§ **WHAT NEEDS TO BE DONE**:
Your task is to reproduce exactly the lines from the one containing "This screenshot has height=1307, width=924." through the last line below, both ends included, and nothing else, with no pictures.

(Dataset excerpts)
----------

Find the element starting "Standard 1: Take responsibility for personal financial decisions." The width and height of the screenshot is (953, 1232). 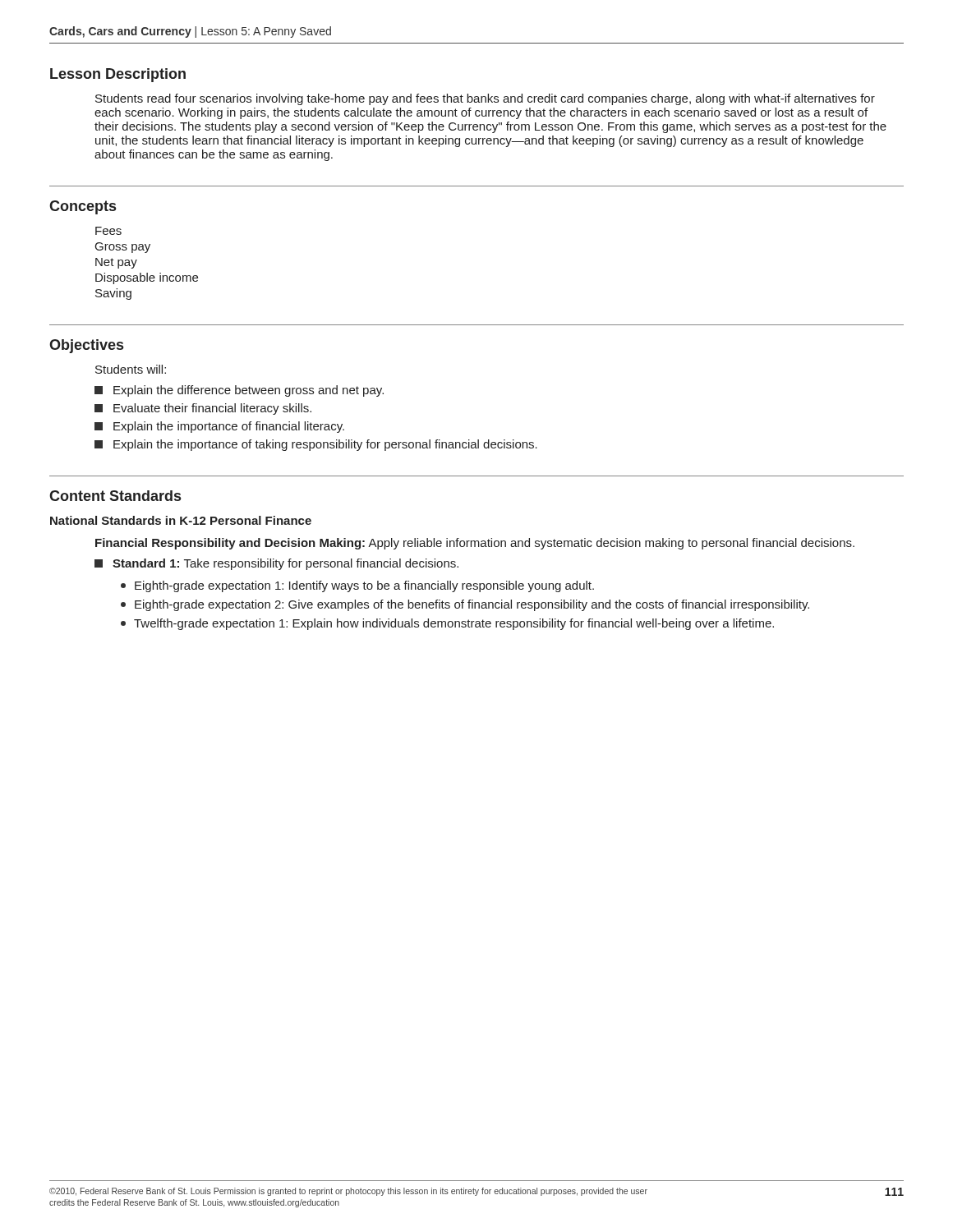click(277, 563)
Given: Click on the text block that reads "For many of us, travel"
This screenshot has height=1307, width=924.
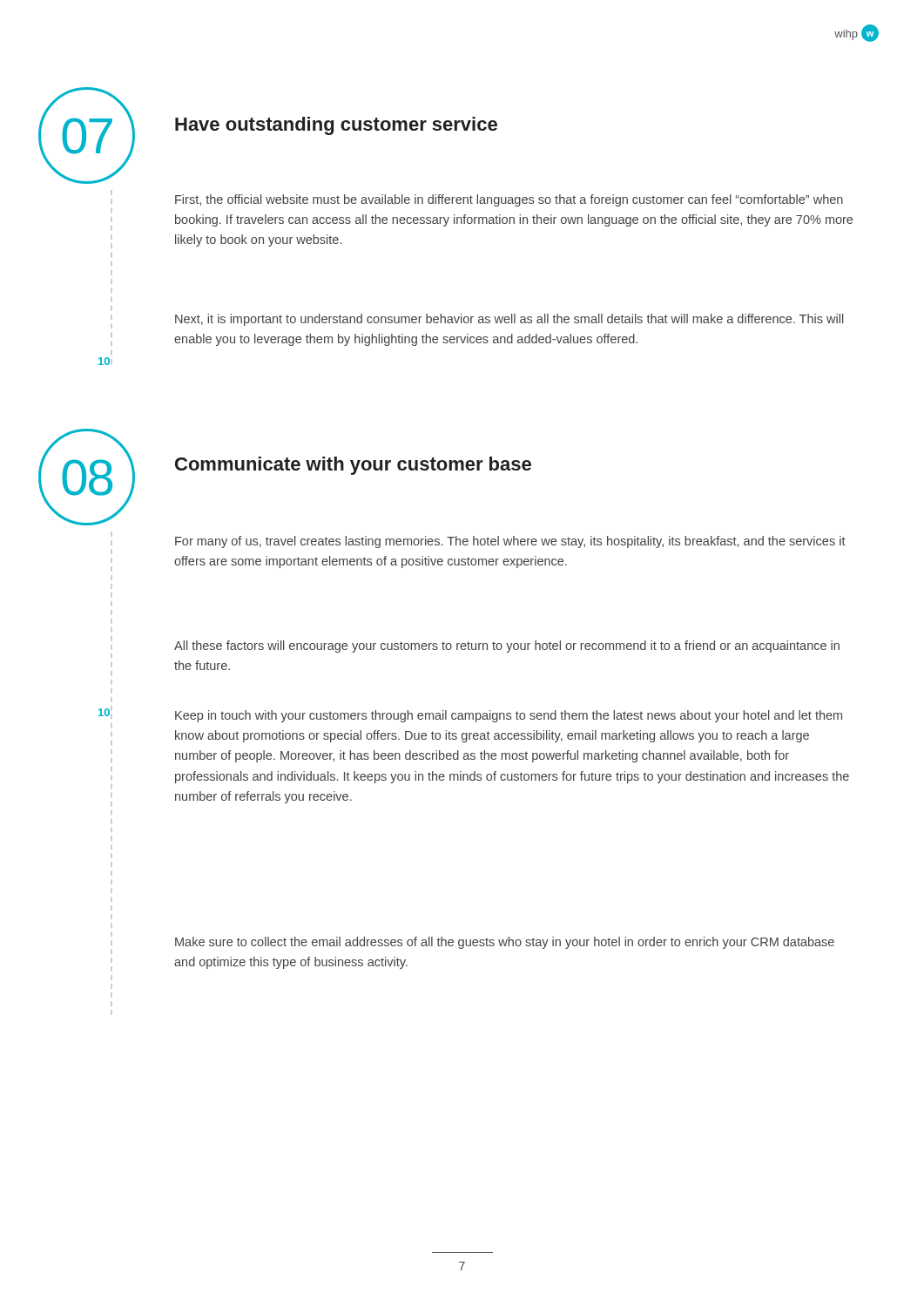Looking at the screenshot, I should click(514, 552).
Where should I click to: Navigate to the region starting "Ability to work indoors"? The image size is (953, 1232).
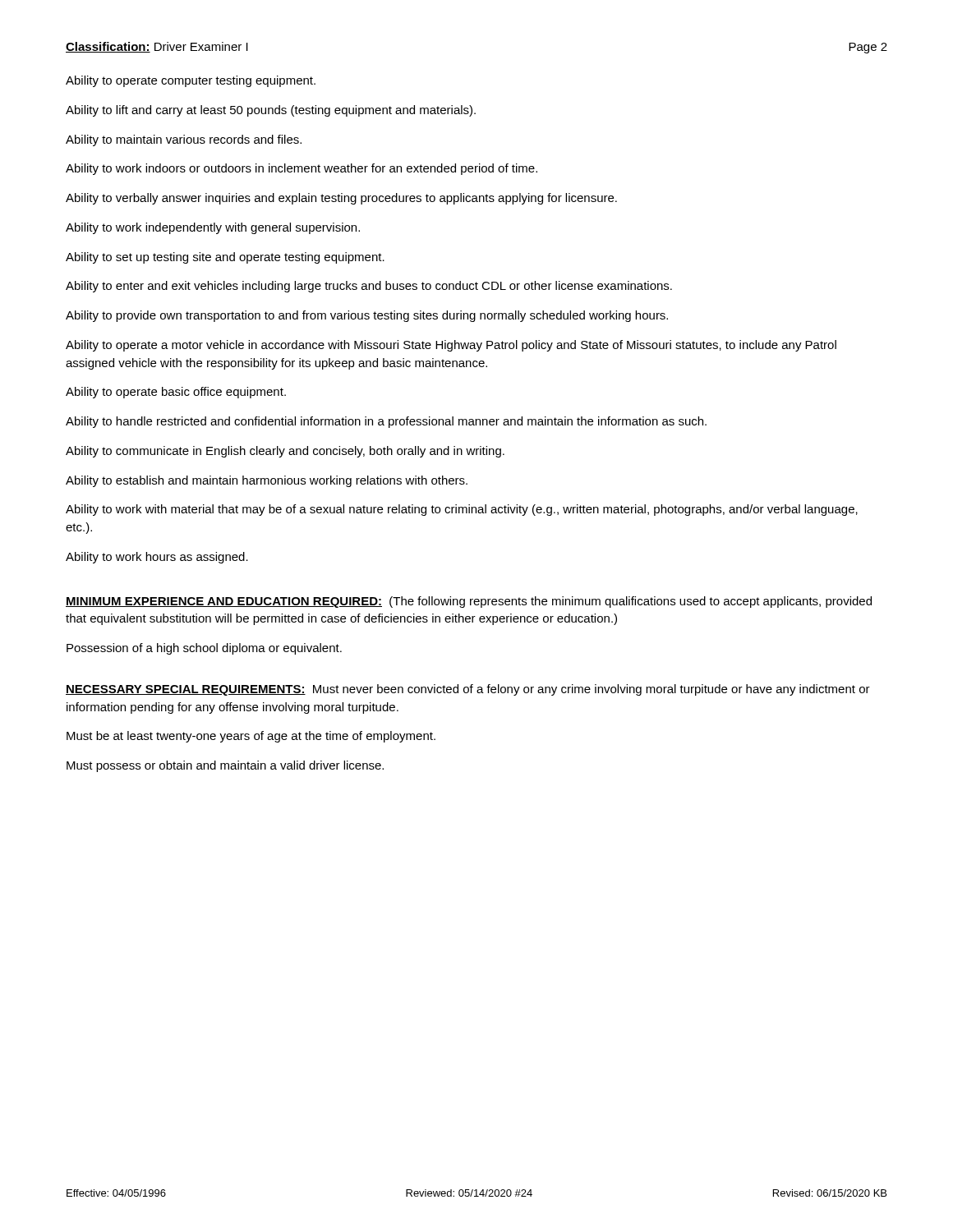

----------

§ **YOUR SOLUTION**:
This screenshot has height=1307, width=924.
Looking at the screenshot, I should click(514, 552).
Where should I click to: Navigate to the region starting "Ability to work indoors"? The image size is (953, 1232).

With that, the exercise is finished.